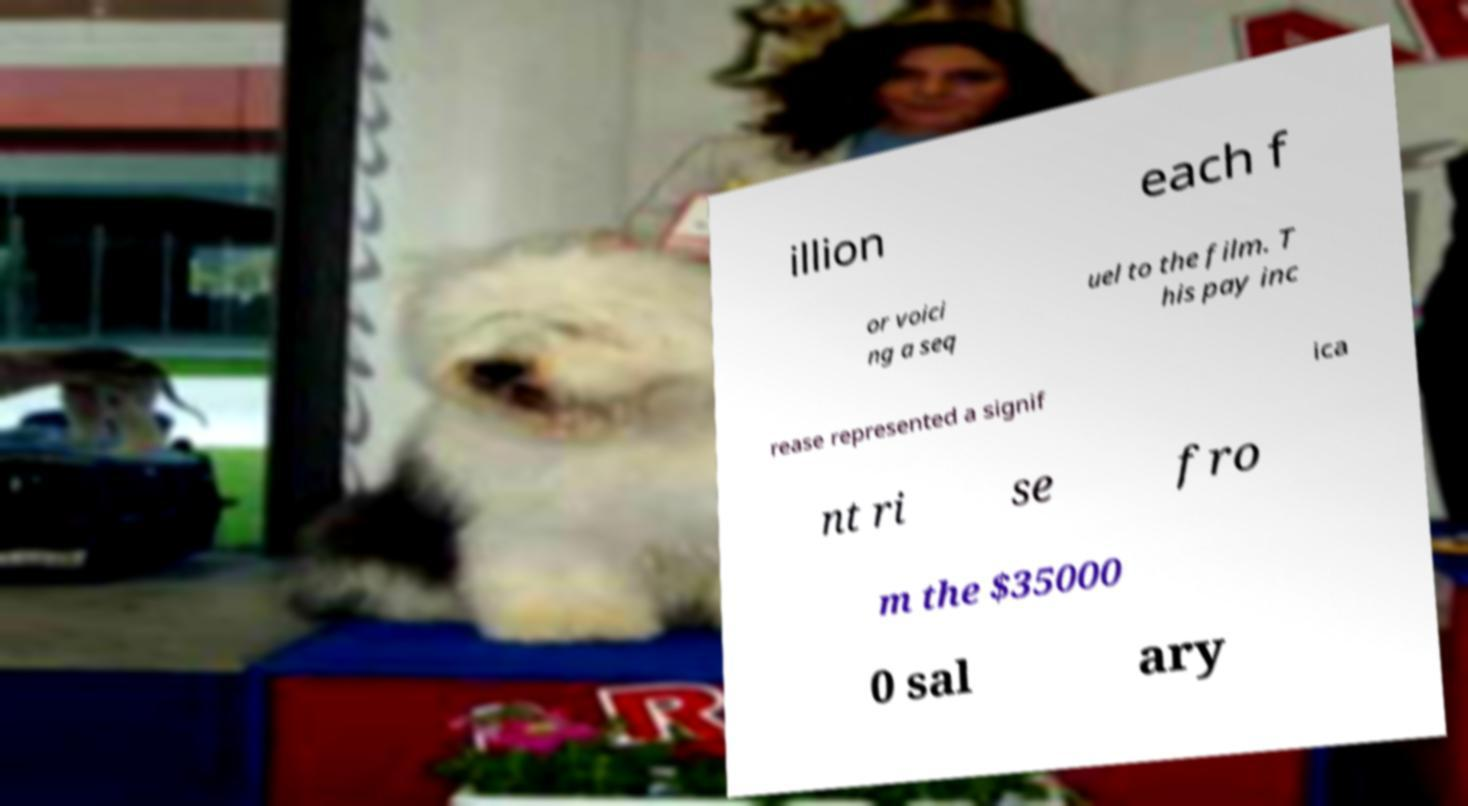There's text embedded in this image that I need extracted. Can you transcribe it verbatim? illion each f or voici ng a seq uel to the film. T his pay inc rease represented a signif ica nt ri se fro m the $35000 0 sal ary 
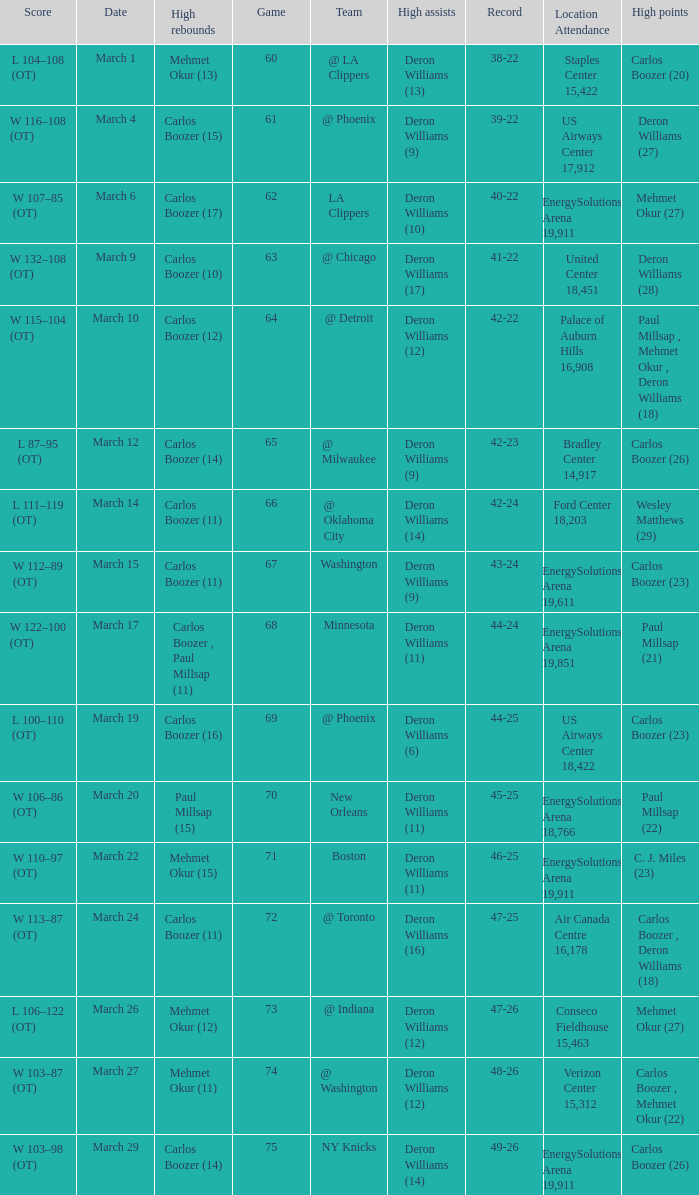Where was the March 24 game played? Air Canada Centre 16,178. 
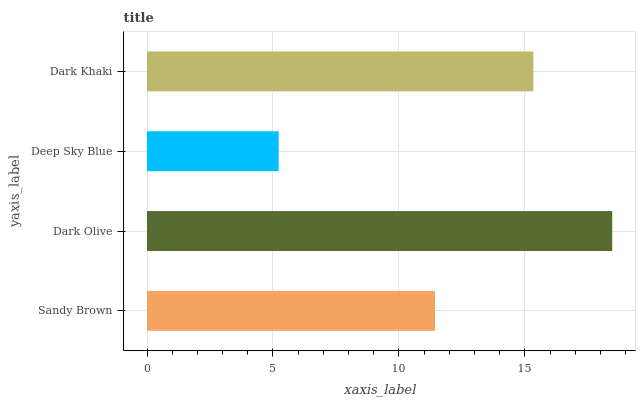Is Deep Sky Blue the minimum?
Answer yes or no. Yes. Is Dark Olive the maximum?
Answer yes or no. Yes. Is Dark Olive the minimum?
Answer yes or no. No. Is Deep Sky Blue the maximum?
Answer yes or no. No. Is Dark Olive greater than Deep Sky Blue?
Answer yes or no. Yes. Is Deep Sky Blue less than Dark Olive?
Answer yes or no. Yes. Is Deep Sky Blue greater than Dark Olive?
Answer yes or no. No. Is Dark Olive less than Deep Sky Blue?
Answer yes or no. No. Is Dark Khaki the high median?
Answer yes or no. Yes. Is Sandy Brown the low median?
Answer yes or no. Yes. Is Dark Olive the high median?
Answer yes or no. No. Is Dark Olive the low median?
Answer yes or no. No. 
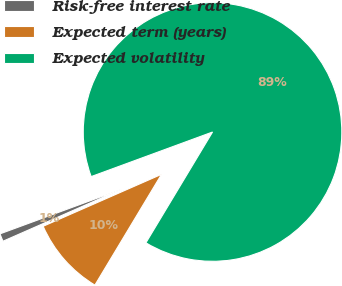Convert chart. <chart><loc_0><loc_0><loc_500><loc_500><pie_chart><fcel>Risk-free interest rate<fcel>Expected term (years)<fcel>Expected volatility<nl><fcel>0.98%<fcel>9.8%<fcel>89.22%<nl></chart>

● ● ● ● ● ● ●

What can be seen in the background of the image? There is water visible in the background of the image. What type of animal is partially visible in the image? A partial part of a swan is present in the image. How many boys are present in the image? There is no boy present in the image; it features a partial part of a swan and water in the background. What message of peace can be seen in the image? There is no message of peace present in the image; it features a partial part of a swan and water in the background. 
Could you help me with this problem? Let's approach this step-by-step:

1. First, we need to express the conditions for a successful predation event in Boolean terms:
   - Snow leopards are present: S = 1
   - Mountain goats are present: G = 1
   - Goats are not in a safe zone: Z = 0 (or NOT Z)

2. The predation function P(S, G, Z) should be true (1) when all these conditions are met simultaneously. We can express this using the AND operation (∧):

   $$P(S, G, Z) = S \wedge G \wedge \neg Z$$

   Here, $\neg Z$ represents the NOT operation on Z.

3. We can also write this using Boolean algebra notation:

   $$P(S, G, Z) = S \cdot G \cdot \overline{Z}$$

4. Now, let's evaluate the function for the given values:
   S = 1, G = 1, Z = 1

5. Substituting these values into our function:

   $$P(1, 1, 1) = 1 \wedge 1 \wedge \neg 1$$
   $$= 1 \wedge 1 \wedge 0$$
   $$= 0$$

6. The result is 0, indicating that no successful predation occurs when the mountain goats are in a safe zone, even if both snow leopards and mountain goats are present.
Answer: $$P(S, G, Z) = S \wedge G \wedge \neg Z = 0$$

● ● ● ● ● ● ●

WHAT IS EXPECTED: What you need to produce is an exact copy of the entries above, limited to the lines from the one with "Where was the" up to and including the one with "interest rate<fcel>Expected term", without pictures.

YOUR RESPONSE:
Where was the March 24 game played? Air Canada Centre 16,178. 
Is Deep Sky Blue the minimum?
Answer yes or no. Yes. Is Dark Olive the maximum?
Answer yes or no. Yes. Is Dark Olive the minimum?
Answer yes or no. No. Is Deep Sky Blue the maximum?
Answer yes or no. No. Is Dark Olive greater than Deep Sky Blue?
Answer yes or no. Yes. Is Deep Sky Blue less than Dark Olive?
Answer yes or no. Yes. Is Deep Sky Blue greater than Dark Olive?
Answer yes or no. No. Is Dark Olive less than Deep Sky Blue?
Answer yes or no. No. Is Dark Khaki the high median?
Answer yes or no. Yes. Is Sandy Brown the low median?
Answer yes or no. Yes. Is Dark Olive the high median?
Answer yes or no. No. Is Dark Olive the low median?
Answer yes or no. No. 
Convert chart. <chart><loc_0><loc_0><loc_500><loc_500><pie_chart><fcel>Risk-free interest rate<fcel>Expected term (years)<fcel>Expected volatility<nl><fcel>0.98%<fcel>9.8%<fcel>89.22%<nl></chart>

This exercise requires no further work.